TIM BLANKS, FASHION CRITIC

My first impression of HBA was of an utterly new voice in American fashion, in every way. You know when you get that jolt from something… With me, it's usually music, but Shayne caught the same electricity in fashion. Fireflies in a bottle. It was also the coterie of people around him. It reminded me of the crowd of kids that coalesced around McLaren and Westwood’s shops in the 70s. The same degree of awe-inspiring hermeticism. The same appreciation of the enduringly irresistible lure of fashion as fetish. The same social radicalism. The effect of something like HBA lingers in the ether long after the actual entity has passed on. The scent of freedom. Cat's out of the bag, ain't goin' back in. Which is why my favourite moment was the Pilgrimage show, Fall 2016.  At the time, I called it a ritual that hinted at redemption through revolution. In other words, Hood By Air is now more relevant than ever.

“Hood By Air raised an entire generation. They queered an entire generation” – Mykki Blanco

MICHAEL BULLOCK, WRITER AND PUBLISHER

I discovered an early HBA video online that blatantly fetishised a strain of New York City butch bravado. I remember it as featuring beautiful ruffneck Latin and black models wearing basketball shorts without underwear and du-rags. It embodied a type of masculinity that had captured my fantasies as a closeted suburban teenage jock. When Shayne first started to put his vision out in 2006, the cultural landscape was much more closeted. I was thrilled that a designer was fearless enough to launch their brand by queering this aggressive variant of masculinity and showcasing his own desires.I immediately wanted to know everything about HBA and who made it.

It translated the energy, ethos, flamboyance, aggression and showmanship of ballroom culture into a totally different entity: a streetwear brand. It demonstrated to a fashion audience that presenting as macho was just another type of drag. HBA’s rise was in tandem with the development of a new form of male shopper whose ego and masculinity were defined by hyper-specific cultural consumption, respect within this new audience was earned by having perfectly curated streetwear style, the original name for this new consumer was ‘Fuck Boy’. While the term has faded, the demographic has grown. HBA had a great deal of influence on the first incarnation of this consumer. It made aggressive clothes that were both butch and queer and demonstrated that this was not a paradox. It liberated gay aesthetics out of all previous mainstream clichés and for the first time made being associated with queer culture desirable and cool to men that weren't gay.
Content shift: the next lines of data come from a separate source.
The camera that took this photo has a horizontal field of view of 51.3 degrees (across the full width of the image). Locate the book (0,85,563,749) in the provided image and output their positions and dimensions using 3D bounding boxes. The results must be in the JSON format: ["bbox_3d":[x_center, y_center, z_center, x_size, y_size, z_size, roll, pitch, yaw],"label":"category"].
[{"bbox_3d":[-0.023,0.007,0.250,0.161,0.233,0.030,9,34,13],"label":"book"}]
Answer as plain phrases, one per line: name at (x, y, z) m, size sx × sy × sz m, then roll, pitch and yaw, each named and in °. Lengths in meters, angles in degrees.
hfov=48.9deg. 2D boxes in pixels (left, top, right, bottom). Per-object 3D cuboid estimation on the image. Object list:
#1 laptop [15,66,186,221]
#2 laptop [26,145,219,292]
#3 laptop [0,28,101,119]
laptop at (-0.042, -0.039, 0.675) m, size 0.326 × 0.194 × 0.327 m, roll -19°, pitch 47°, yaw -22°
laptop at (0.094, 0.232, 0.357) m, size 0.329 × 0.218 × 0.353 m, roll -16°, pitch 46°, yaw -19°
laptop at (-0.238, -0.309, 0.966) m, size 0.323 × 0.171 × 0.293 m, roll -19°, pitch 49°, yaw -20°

As the ‘Fuck Boy’ phenomena mainstreamed and became big business, around the same period HBA stopped making clothes, these factors together allowed the genre to been stripped of its queer roots. HBA was pre-woke culture but it led as the first successful brand that was made by and referenced the culture of queer people of color. It declared that these previously ignored histories, talents and aesthetics mattered and could be considered valuable to a wider audience. This has now become a widely accepted view and something that many brands now try to integrate and capitalise on. Also, HBA designs are referenced today in all the Virgil Abloh collections for Louis Vuitton. 

When HBA was at its height of its straight ‘Fuck Boy’ dominance – adopted as the coolest streetwear for both rap stars and rich kids – it seemed almost as if the capitalist fetishisation of the brand was starting to ignore, erase or misinterpret its queerness. Shayne solved this by showing up to Art Basel Miami Beach and attending all the events as a sexy woman, with long blonde hair, micro mini skirts and high stiletto heels. This gesture of gender expression reminded his customers which queen was at the center of their favorite brand.  Other memorable moments were related to their fashion show casting. They always used the runway to make strong statements about who they considered beautiful and influential. They put art icon Wolfgang Tillmans on the runway, DJ Honey Dijion walked for them at a time long before trans women were celebrated, and punk artists Slava Mogutin and No Bra both walked for HBA.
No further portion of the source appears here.